* **ASSIGNED TASK**: Set down the whole listing below exactly. The pictures stay out.

* **EXERCISE DATA**:
◇ ◇ ◇ ◇ ◇ ◇ ◇

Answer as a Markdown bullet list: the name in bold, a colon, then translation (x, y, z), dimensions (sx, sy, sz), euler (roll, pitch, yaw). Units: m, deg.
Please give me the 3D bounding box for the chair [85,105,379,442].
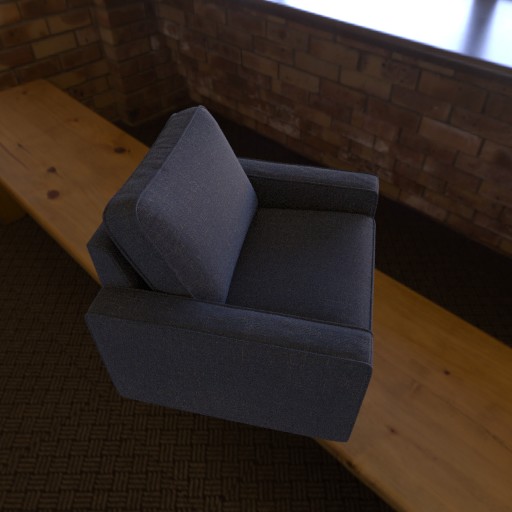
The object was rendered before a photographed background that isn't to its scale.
- **chair**: translation (0.000, 0.000, 1.767), dimensions (0.940, 0.919, 1.017), euler (9, 46, 9)

◇ ◇ ◇ ◇ ◇ ◇ ◇

* **RESPONSE FOR THIS EXERCISE**:
Answer as a Markdown bullet list: the name in bold, a colon, then translation (x, y, z), dimensions (sx, sy, sz), euler (roll, pitch, yaw). Units: m, deg.
Please give me the 3D bounding box for the chair [85,105,379,442].
The object was rendered before a photographed background that isn't to its scale.
- **chair**: translation (0.000, 0.000, 1.767), dimensions (0.940, 0.919, 1.017), euler (9, 46, 9)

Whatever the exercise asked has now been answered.